Snapshot for June 25, 2003.
Cutting U.S. interest rates would give the European economy room to breathe
The Fed will likely cut interest rates today at its regular Federal Open Market Committee meeting. While some economists have questioned the logic of more interest rate cuts, there are good reasons for the Fed to cut rates further.
Aside from the fact that further reductions in interest rates by the Fed will help keep mortgage rates low and the domestic housing market humming, there is also an important international component to the Fed’s interest rate decision. In particular, as interest rates in the United States decline, other central banks-especially the European Central Bank (ECB)-have more leeway to reduce their own rates. In recent months the inflation-adjusted difference between European and American interest rates has shrunk (see figure). This means that the ECB would have a hard time reducing rates further without fearing capital outflows as investors looked for higher returns elsewhere.

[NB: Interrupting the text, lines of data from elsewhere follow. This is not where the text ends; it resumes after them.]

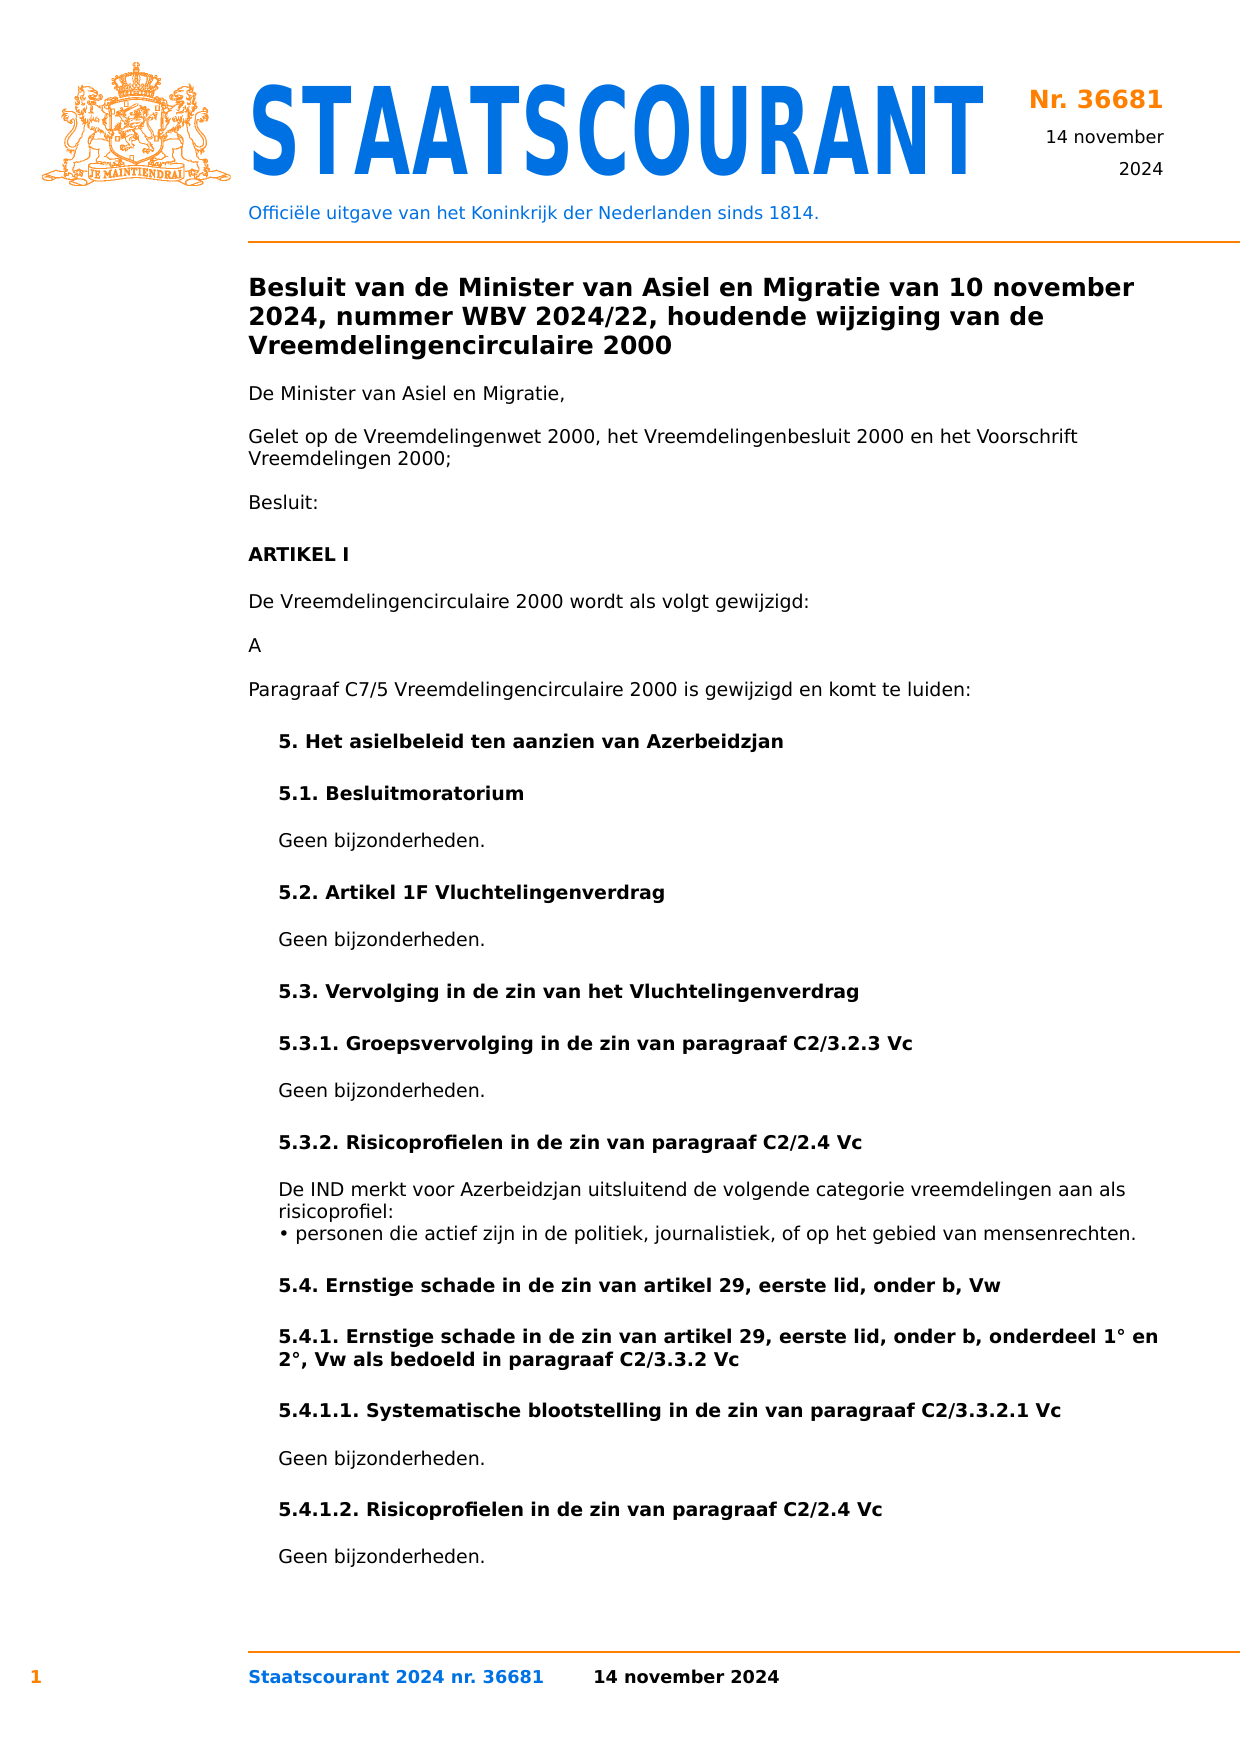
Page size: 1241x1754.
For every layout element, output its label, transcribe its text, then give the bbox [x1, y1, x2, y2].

text Geen bijzonderheden. [278, 830, 1163, 852]
picture [41, 62, 231, 186]
table_cell 2024 [998, 153, 1240, 203]
subtitle 5.4.1.1. Systematische blootstelling in de zin van paragraaf C2/3.3.2.1 Vc [278, 1400, 1163, 1422]
subtitle 5.4. Ernstige schade in de zin van artikel 29, eerste lid, onder b, Vw [278, 1274, 1163, 1296]
text De IND merkt voor Azerbeidzjan uitsluitend de volgende categorie vreemdelingen aan als risicoprofiel: [278, 1178, 1163, 1222]
table_cell 14 november [998, 121, 1240, 153]
subtitle 5.2. Artikel 1F Vluchtelingenverdrag [278, 882, 1163, 904]
text Geen bijzonderheden. [278, 1079, 1163, 1102]
subtitle 5.4.1.2. Risicoprofielen in de zin van paragraaf C2/2.4 Vc [278, 1499, 1163, 1521]
text A [248, 635, 1163, 657]
subtitle 5. Het asielbeleid ten aanzien van Azerbeidzjan [278, 731, 1163, 753]
subtitle 5.3.1. Groepsvervolging in de zin van paragraaf C2/3.2.3 Vc [278, 1033, 1163, 1054]
text De Minister van Asiel en Migratie, [248, 382, 1163, 404]
table_header STAATSCOURANT [248, 62, 998, 203]
text Paragraaf C7/5 Vreemdelingencirculaire 2000 is gewijzigd en komt te luiden: [248, 679, 1163, 701]
subtitle ARTIKEL I [248, 544, 1163, 566]
text Geen bijzonderheden. [278, 1447, 1163, 1469]
text Besluit: [248, 492, 1163, 514]
table_header [25, 62, 248, 241]
text • personen die actief zijn in de politiek, journalistiek, of op het gebied van mensenrechten. [278, 1222, 1163, 1244]
table_cell Officiële uitgave van het Koninkrijk der Nederlanden sinds 1814. [248, 203, 1240, 241]
subtitle 5.3.2. Risicoprofielen in de zin van paragraaf C2/2.4 Vc [278, 1132, 1163, 1153]
text Gelet op de Vreemdelingenwet 2000, het Vreemdelingenbesluit 2000 en het Voorschrift Vreemdelingen 2000; [248, 426, 1163, 470]
subtitle Besluit van de Minister van Asiel en Migratie van 10 november 2024, nummer WBV 2024/22, houdende wijziging van de Vreemdelingencirculaire 2000 [248, 273, 1163, 361]
text Geen bijzonderheden. [278, 1546, 1163, 1568]
subtitle 5.3. Vervolging in de zin van het Vluchtelingenverdrag [278, 981, 1163, 1003]
text Geen bijzonderheden. [278, 929, 1163, 951]
subtitle 5.4.1. Ernstige schade in de zin van artikel 29, eerste lid, onder b, onderdeel 1° en 2°, Vw als bedoeld in paragraaf C2/3.3.2 Vc [278, 1326, 1163, 1370]
text De Vreemdelingencirculaire 2000 wordt als volgt gewijzigd: [248, 591, 1163, 613]
table_header Nr. 36681 [998, 62, 1240, 121]
subtitle 5.1. Besluitmoratorium [278, 783, 1163, 805]

However, if the United States takes the lead and reduces its rate now, there will be room for the ECB to reduce its own key interest rates, thereby giving the sluggish European economies a boost.
Why should U.S. policy makers care about growth in Europe? The fact is that Europe remains an important trading partner for the United States, and the U.S. trade deficit is still at dangerously high levels. Faster economic growth in Europe would help to increase exports to Europe, thus aiding producers in the United States, especially in the struggling manufacturing sector. As U.S. exports rise, the economy and the labor market should follow suit.